The Capital Punishment World Mapcountries most Americans consider themselves to be freer than (China) or otherwise superior to, including George W. Bush’s “Axis of Evil” members Iran and North Korea, John Bolton’s “Beyond the Axis of Evil” members Cuba, Libya and Syria, and Condolezza Rice’s “Outpost of Tyranny” Belarus. (On the Axis of Evil and its later elaborations, see http://en.wikipedia.org/wiki/Axis_of_evil). Nice company we’re keeping there.

The U.S. likes to think of itself (along with, usually, Europe) as a shining example of civilization, but it’s not joined by any country in Europe in continuing to use the death penalty.

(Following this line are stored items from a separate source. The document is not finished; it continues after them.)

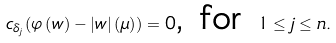<formula> <loc_0><loc_0><loc_500><loc_500>c _ { \delta _ { j } } ( \varphi \left ( w \right ) - \left | w \right | \left ( \mu \right ) ) = 0 \text {, for } 1 \leq j \leq n .</formula> 
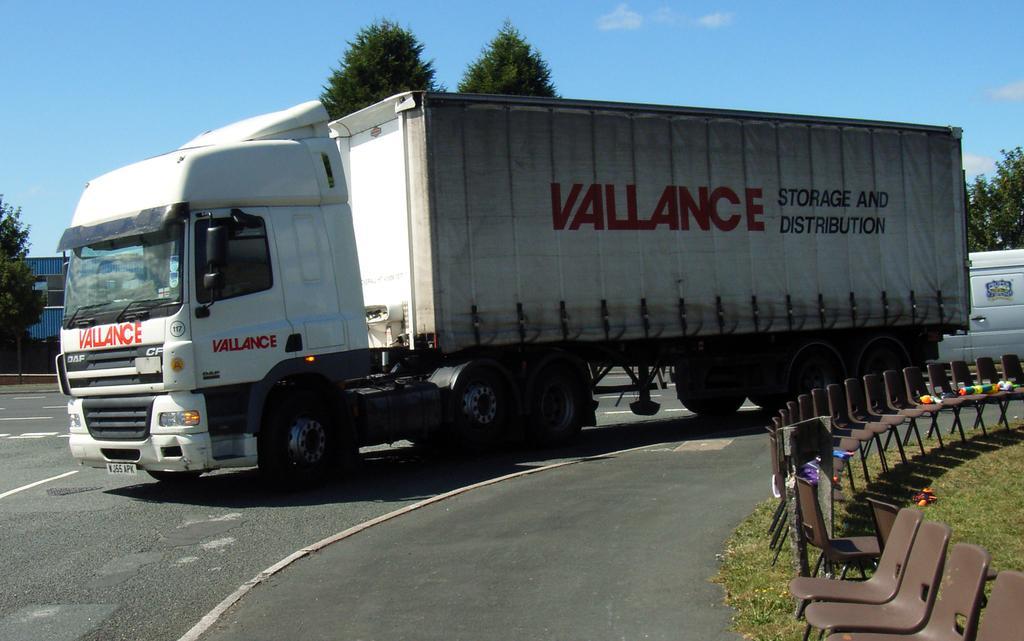How would you summarize this image in a sentence or two? In this picture we can see a vehicle or a truck on a road and aside to this we have chairs on grass with some toys on it and in background we can see sky, trees. 
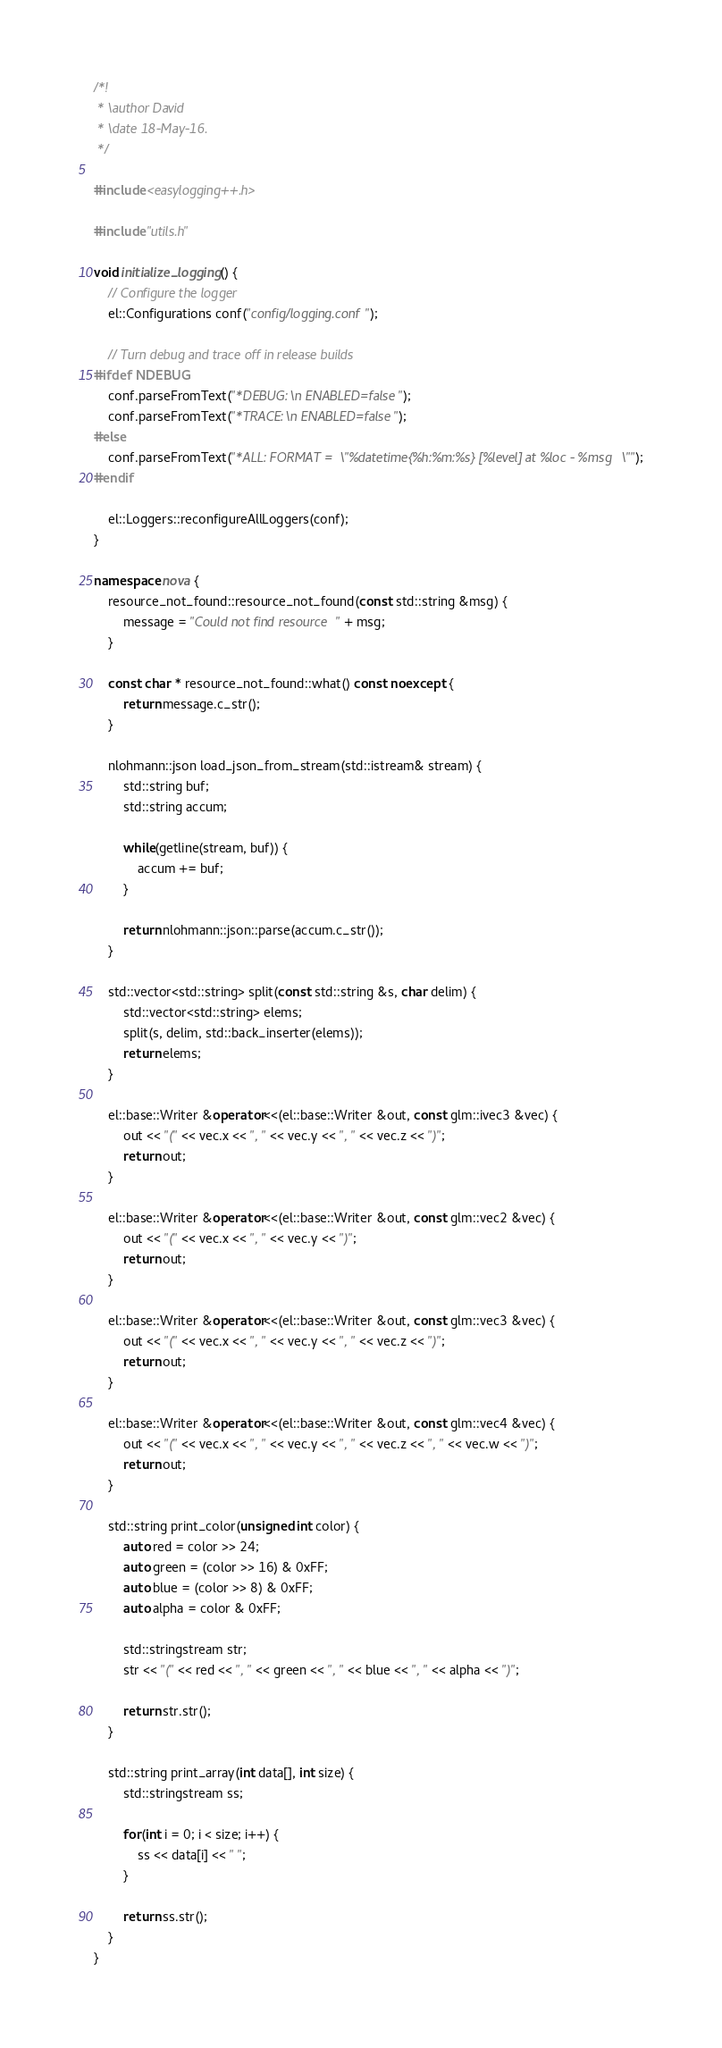<code> <loc_0><loc_0><loc_500><loc_500><_C++_>/*!
 * \author David
 * \date 18-May-16.
 */

#include <easylogging++.h>

#include "utils.h"

void initialize_logging() {
    // Configure the logger
    el::Configurations conf("config/logging.conf");

    // Turn debug and trace off in release builds
#ifdef NDEBUG
    conf.parseFromText("*DEBUG:\n ENABLED=false");
    conf.parseFromText("*TRACE:\n ENABLED=false");
#else
    conf.parseFromText("*ALL: FORMAT = \"%datetime{%h:%m:%s} [%level] at %loc - %msg\"");
#endif

    el::Loggers::reconfigureAllLoggers(conf);
}

namespace nova {
    resource_not_found::resource_not_found(const std::string &msg) {
        message = "Could not find resource " + msg;
    }

    const char * resource_not_found::what() const noexcept {
        return message.c_str();
    }

    nlohmann::json load_json_from_stream(std::istream& stream) {
        std::string buf;
        std::string accum;

        while(getline(stream, buf)) {
            accum += buf;
        }

        return nlohmann::json::parse(accum.c_str());
    }

    std::vector<std::string> split(const std::string &s, char delim) {
        std::vector<std::string> elems;
        split(s, delim, std::back_inserter(elems));
        return elems;
    }

    el::base::Writer &operator<<(el::base::Writer &out, const glm::ivec3 &vec) {
        out << "(" << vec.x << ", " << vec.y << ", " << vec.z << ")";
        return out;
    }

    el::base::Writer &operator<<(el::base::Writer &out, const glm::vec2 &vec) {
        out << "(" << vec.x << ", " << vec.y << ")";
        return out;
    }

    el::base::Writer &operator<<(el::base::Writer &out, const glm::vec3 &vec) {
        out << "(" << vec.x << ", " << vec.y << ", " << vec.z << ")";
        return out;
    }

    el::base::Writer &operator<<(el::base::Writer &out, const glm::vec4 &vec) {
        out << "(" << vec.x << ", " << vec.y << ", " << vec.z << ", " << vec.w << ")";
        return out;
    }

    std::string print_color(unsigned int color) {
        auto red = color >> 24;
        auto green = (color >> 16) & 0xFF;
        auto blue = (color >> 8) & 0xFF;
        auto alpha = color & 0xFF;

        std::stringstream str;
        str << "(" << red << ", " << green << ", " << blue << ", " << alpha << ")";

        return str.str();
    }

    std::string print_array(int data[], int size) {
        std::stringstream ss;

        for(int i = 0; i < size; i++) {
            ss << data[i] << " ";
        }

        return ss.str();
    }
}

</code> 
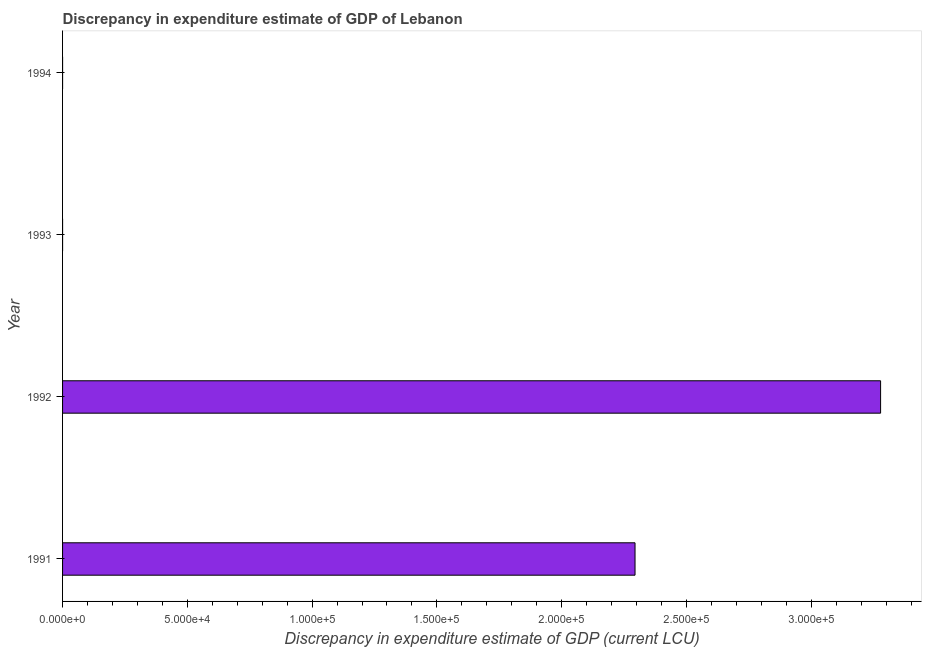What is the title of the graph?
Offer a terse response. Discrepancy in expenditure estimate of GDP of Lebanon. What is the label or title of the X-axis?
Your answer should be compact. Discrepancy in expenditure estimate of GDP (current LCU). What is the label or title of the Y-axis?
Provide a succinct answer. Year. What is the discrepancy in expenditure estimate of gdp in 1994?
Provide a short and direct response. 0. Across all years, what is the maximum discrepancy in expenditure estimate of gdp?
Your answer should be very brief. 3.28e+05. Across all years, what is the minimum discrepancy in expenditure estimate of gdp?
Your response must be concise. 0. In which year was the discrepancy in expenditure estimate of gdp minimum?
Offer a very short reply. 1993. What is the sum of the discrepancy in expenditure estimate of gdp?
Offer a terse response. 5.57e+05. What is the difference between the discrepancy in expenditure estimate of gdp in 1992 and 1993?
Make the answer very short. 3.28e+05. What is the average discrepancy in expenditure estimate of gdp per year?
Give a very brief answer. 1.39e+05. What is the median discrepancy in expenditure estimate of gdp?
Keep it short and to the point. 1.15e+05. In how many years, is the discrepancy in expenditure estimate of gdp greater than 290000 LCU?
Provide a short and direct response. 1. What is the ratio of the discrepancy in expenditure estimate of gdp in 1991 to that in 1993?
Keep it short and to the point. 1.15e+08. What is the difference between the highest and the second highest discrepancy in expenditure estimate of gdp?
Your answer should be very brief. 9.84e+04. Is the sum of the discrepancy in expenditure estimate of gdp in 1991 and 1994 greater than the maximum discrepancy in expenditure estimate of gdp across all years?
Your response must be concise. No. What is the difference between the highest and the lowest discrepancy in expenditure estimate of gdp?
Provide a succinct answer. 3.28e+05. How many bars are there?
Offer a very short reply. 4. Are all the bars in the graph horizontal?
Provide a short and direct response. Yes. How many years are there in the graph?
Your answer should be compact. 4. Are the values on the major ticks of X-axis written in scientific E-notation?
Make the answer very short. Yes. What is the Discrepancy in expenditure estimate of GDP (current LCU) in 1991?
Keep it short and to the point. 2.29e+05. What is the Discrepancy in expenditure estimate of GDP (current LCU) of 1992?
Your response must be concise. 3.28e+05. What is the Discrepancy in expenditure estimate of GDP (current LCU) in 1993?
Offer a very short reply. 0. What is the Discrepancy in expenditure estimate of GDP (current LCU) in 1994?
Give a very brief answer. 0. What is the difference between the Discrepancy in expenditure estimate of GDP (current LCU) in 1991 and 1992?
Your answer should be very brief. -9.84e+04. What is the difference between the Discrepancy in expenditure estimate of GDP (current LCU) in 1991 and 1993?
Offer a terse response. 2.29e+05. What is the difference between the Discrepancy in expenditure estimate of GDP (current LCU) in 1991 and 1994?
Your answer should be very brief. 2.29e+05. What is the difference between the Discrepancy in expenditure estimate of GDP (current LCU) in 1992 and 1993?
Your response must be concise. 3.28e+05. What is the difference between the Discrepancy in expenditure estimate of GDP (current LCU) in 1992 and 1994?
Offer a terse response. 3.28e+05. What is the ratio of the Discrepancy in expenditure estimate of GDP (current LCU) in 1991 to that in 1992?
Your response must be concise. 0.7. What is the ratio of the Discrepancy in expenditure estimate of GDP (current LCU) in 1991 to that in 1993?
Provide a short and direct response. 1.15e+08. What is the ratio of the Discrepancy in expenditure estimate of GDP (current LCU) in 1991 to that in 1994?
Your answer should be compact. 1.15e+08. What is the ratio of the Discrepancy in expenditure estimate of GDP (current LCU) in 1992 to that in 1993?
Make the answer very short. 1.64e+08. What is the ratio of the Discrepancy in expenditure estimate of GDP (current LCU) in 1992 to that in 1994?
Provide a short and direct response. 1.64e+08. What is the ratio of the Discrepancy in expenditure estimate of GDP (current LCU) in 1993 to that in 1994?
Offer a very short reply. 1. 
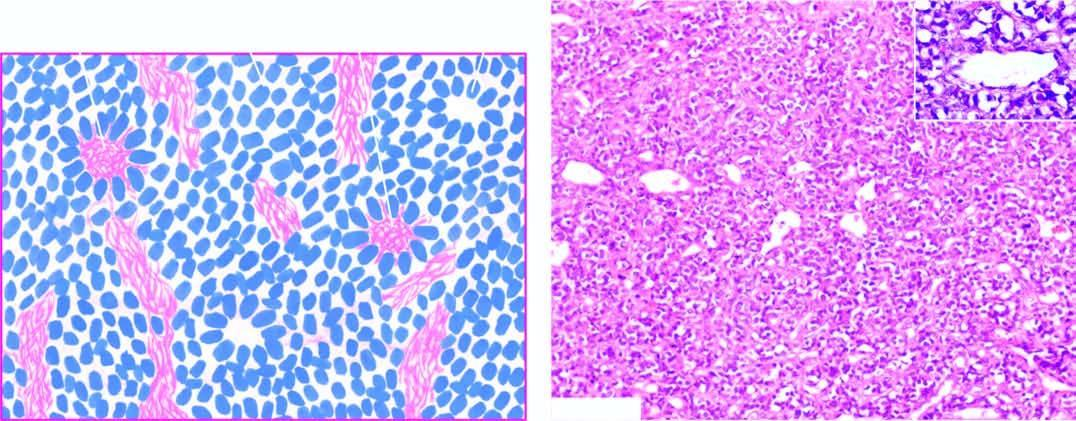does the incised wound as well as suture track on either side show a close-up view of pseudorosette?
Answer the question using a single word or phrase. No

In fact, it has been beat to the punch on abolishing it by 71% of the world: 49% of world nations have abolished it entirely; 5% keep it only “for crimes committed in exceptional circumstances (such as in time of war)”; 17% technically have it on the books, “but have not used it for at least 10 years and are believed to have a policy or established practice of not carrying out executions, or it is under a moratorium.” Only 29% of countries—just 58 of them in the world—actually use the thing regularly.

And, even if most of humanity moving away from using this form of punishment doesn’t move anyone to reassess whether the death penalty is really something we want to have, the damn thing is expensive. Counterintuitive though it may be, it costs more to kill someone than to imprison them for life.

Some crimes are horrible. Hell, some people are horrible. Some people do things that are so horrible that it’s reasonable not to expose the rest of humanity to the danger that they’ll do it again. Sometimes there’s not a single redeeming quality about such a person. We might be tempted to not call them human, even.

But that’s the one step we can’t take.

It’s an inability to see another as human that allows someone to do something horrible in the first place. So why would we replicate it in our response?